Factorise and simplify.

$\Rightarrow g \left(x\right) = \frac{\cancel{x + 6}}{\left(\cancel{x + 6}\right) \left(x - 6\right)} = \frac{1}{x - 6}$

Since (x + 6) has been removed, x = -6 is an excluded value.

The denominator of g(x) cannot be zero as this would make g(x) undefined. Equating the denominator to zero and solving gives the value that x cannot be and if the numerator is non-zero for this value then it is a vertical asymptote.

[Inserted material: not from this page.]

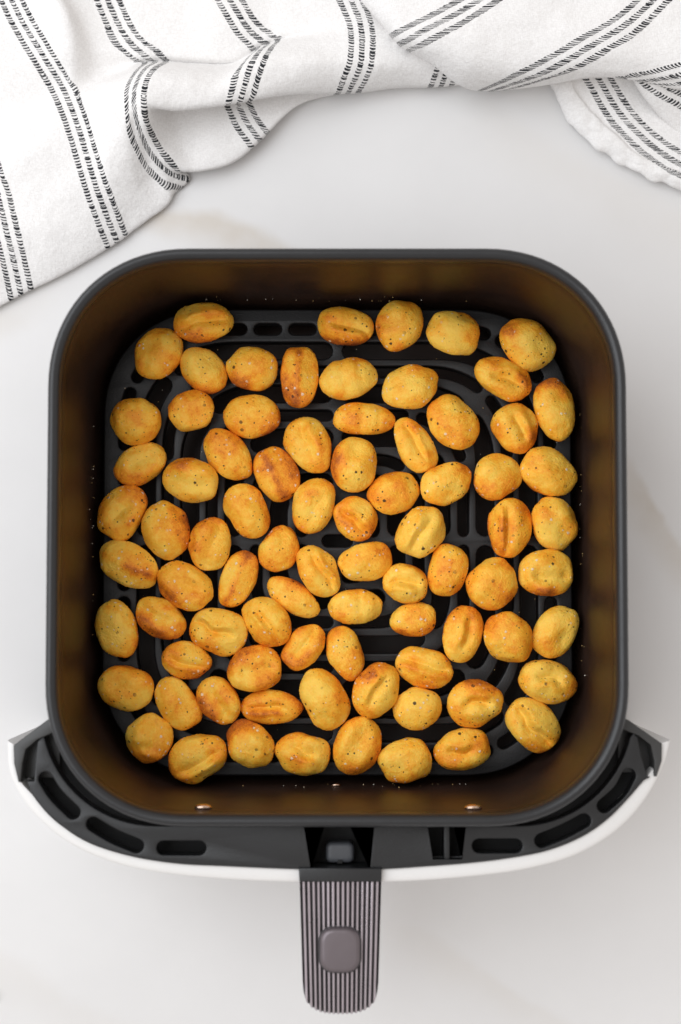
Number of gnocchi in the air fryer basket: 81

solve : $x - 6 = 0 \Rightarrow x = 6 \text{ is the asymptote}$

Horizontal asymptotes occur as

${\lim}_{x \to \pm \infty} , g \left(x\right) \to c \text{ ( a constant)}$

divide terms on numerator/denominator by x

$g \left(x\right) = \frac{\frac{1}{x}}{\frac{x}{x} - \frac{6}{x}} = \frac{\frac{1}{x}}{1 - \frac{6}{x}}$

as $x \to \pm \infty , g \left(x\right) \to \frac{0}{1 - 0}$

$\Rightarrow y = 0 \text{ is the asymptote}$

Slant asymptotes occur when the degree of the numerator > degree of the denominator. This is not the case here (numerator-degree 0, denominator-degree 1 ) Hence there are no slant asymptotes.
graph{1/(x-6) [-10, 10, -5, 5]}